Abstract:
Type 2 diabetes mellitus (T2DM) is an expanding global health concern, closely associated
with the epidemic of obesity. Individuals with diabetes are at high risk for microvascular and
macrovascular complications, which include retinopathy, neuropathy, and cardiovascular comorbidities.
Despite the availability of diagnostic tools for T2DM, approximately 30–60% of people with
T2DM in developed countries are never diagnosed or detected. Therefore, there is a strong need
for a simpler and more reliable technique for the early detection of T2DM. This study aimed to use
a non-targeted metabolomic approach to systematically identify novel biomarkers from the serum
samples of T2DM-induced Sprague Dawley (SD) rats using a comprehensive two-dimensional gas
chromatography coupled with a time-of-flight mass spectrometry (GCxGC-TOF/MS).
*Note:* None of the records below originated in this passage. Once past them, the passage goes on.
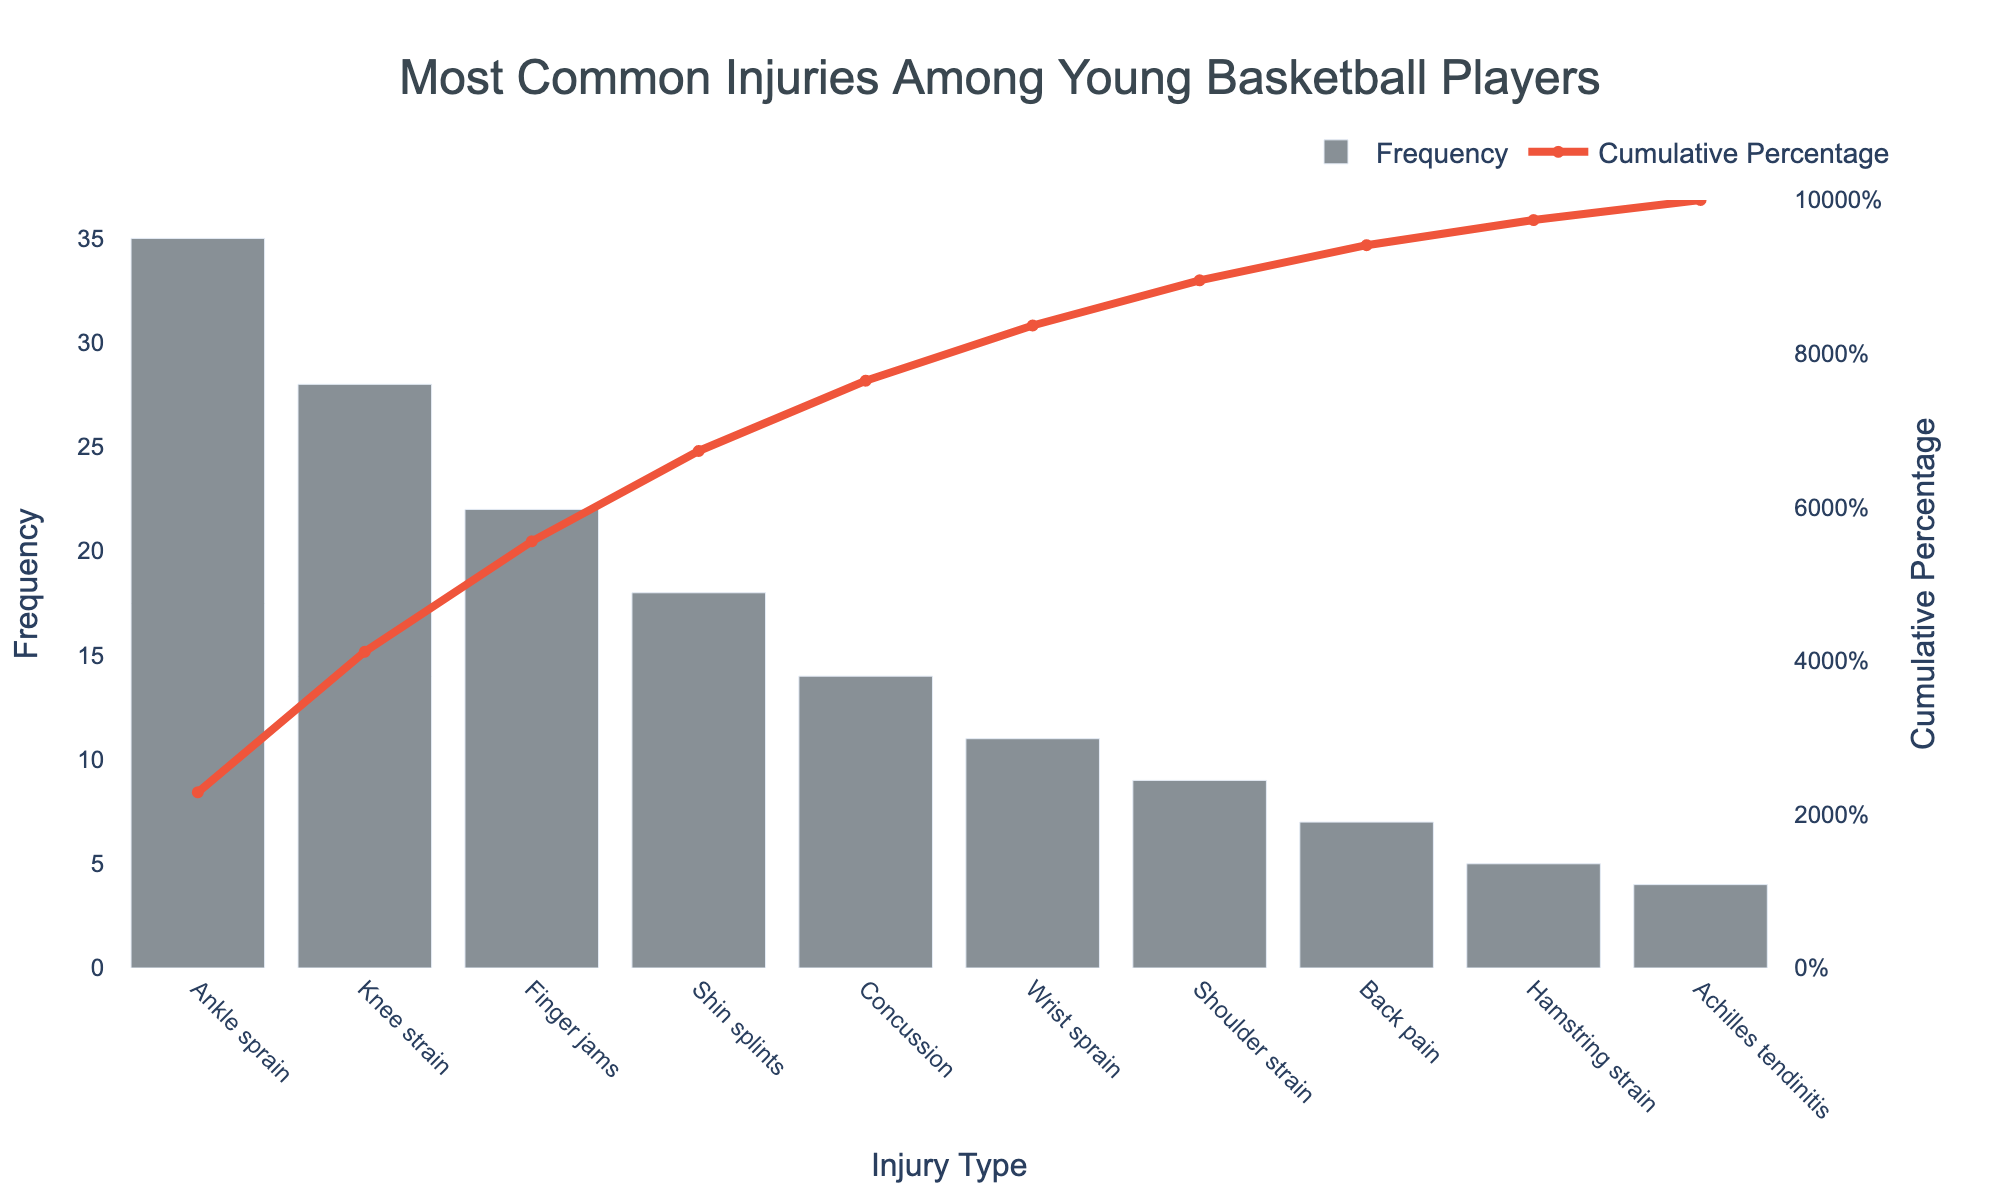What's the most common injury among young basketball players? The Pareto chart shows different injury types on the x-axis and their frequencies on the y-axis. The highest bar represents the most common injury.
Answer: Ankle sprain What is the cumulative percentage of injuries covered by the top two most common injuries? The top two injuries are "Ankle sprain" and "Knee strain." Add their frequencies (35 + 28 = 63). The total frequency of all injuries is 153. Calculate (63/153)*100 for percentage.
Answer: 41.2% Which injury ranks fourth in frequency? The injuries are ordered by frequency from highest to lowest. The fourth bar corresponds to shin splints.
Answer: Shin splints What's the total frequency of all recorded injuries? Sum all the given frequencies (35 + 28 + 22 + 18 + 14 + 11 + 9 + 7 + 5 + 4).
Answer: 153 What's the cumulative percentage after the top five injuries? The cumulative frequency of the top five injuries is the sum of their frequencies (35 + 28 + 22 + 18 + 14 = 117). The total frequency is 153. Calculate (117/153)*100.
Answer: 76.5% Which injury type has a frequency just below 10? Look at the bars and identify the injury with the frequency just below 10. This corresponds to the shoulder strain.
Answer: Shoulder strain How does the frequency of finger jams compare to wrist sprains? Find the bars for 'Finger jams' and 'Wrist sprains' and compare their heights. Finger jams have a higher frequency.
Answer: Finger jams are higher Around what percentage cumulative total does the injury 'Concussion' reach? Find the point where the 'Cumulative Percentage' line intersects 'Concussion' on the x-axis.
Answer: 77.1% What is the least common injury and its frequency? The shortest bar on the Pareto chart represents the least common injury. This corresponds to Achilles tendinitis.
Answer: Achilles tendinitis; 4 Which injuries combine to make up over 50% of all injuries? Look at the cumulative percentage line and identify the point where it crosses 50%. Count the injuries leading up to this point. The top three injuries (Ankle sprain, Knee strain, Finger jams) together make over 50%.
Answer: Ankle sprain, Knee strain, Finger jams 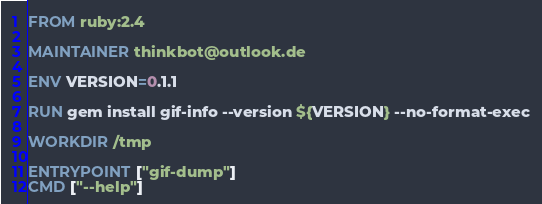Convert code to text. <code><loc_0><loc_0><loc_500><loc_500><_Dockerfile_>FROM ruby:2.4

MAINTAINER thinkbot@outlook.de

ENV VERSION=0.1.1

RUN gem install gif-info --version ${VERSION} --no-format-exec

WORKDIR /tmp

ENTRYPOINT ["gif-dump"]
CMD ["--help"]
</code> 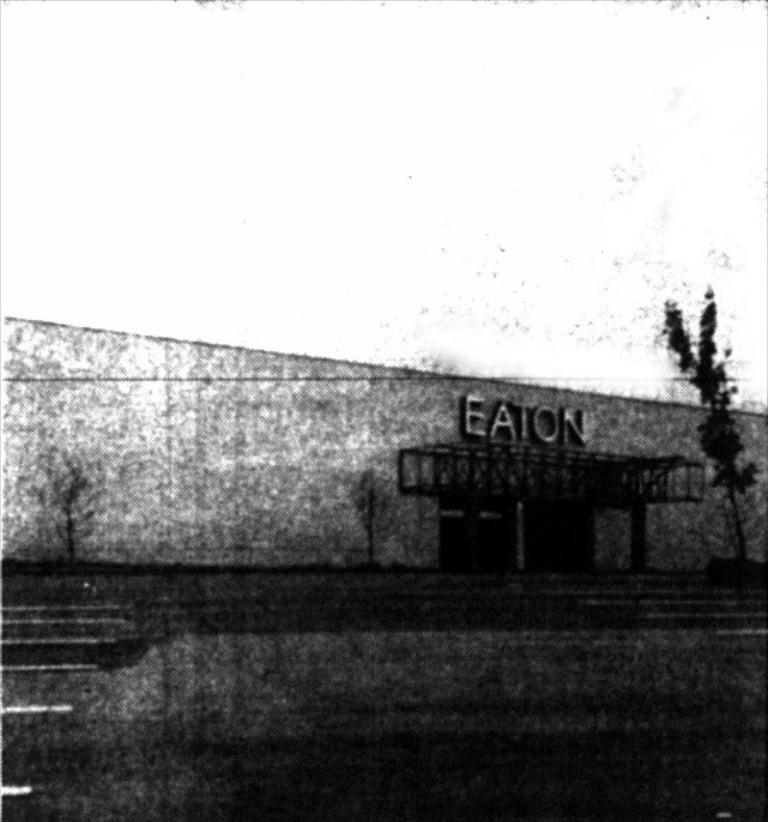 what name is located on the building?
Provide a succinct answer. Eaton. What building is that?
Offer a very short reply. Eaton.

Fifty-four
male Sprague Dawley rats weighing between 160–180 g were randomly assigned into two experimental
groups, namely the type 2 diabetes mellitus group (T2DM) (n = 36) and the non-diabetic
control group (n = 18). Results from this study showed that the metabolite signature of the diabetic
rats was different from that of the non-diabetic control group. The most significantly upregulated
metabolic pathway was aminoacyl-t-RNA biosynthesis. Metabolite changes observed between the
diabetic and non-diabetic control group was attributed to the increase in amino acids, such as glycine,
L-asparagine, and L-serine. Aromatic amino acids, including L-tyrosine, were associated with the
risk of future hyperglycemia and overt diabetes. The identified potential biomarkers depicted a
good predictive value of more than 0.8. It was concluded from the results that amino acids that
were associated with impaired insulin secretion were prospectively related to an increase in glucose
levels. Moreover, amino acids that were associated with impaired insulin secretion were prospectively
related to an increase in glucose levels.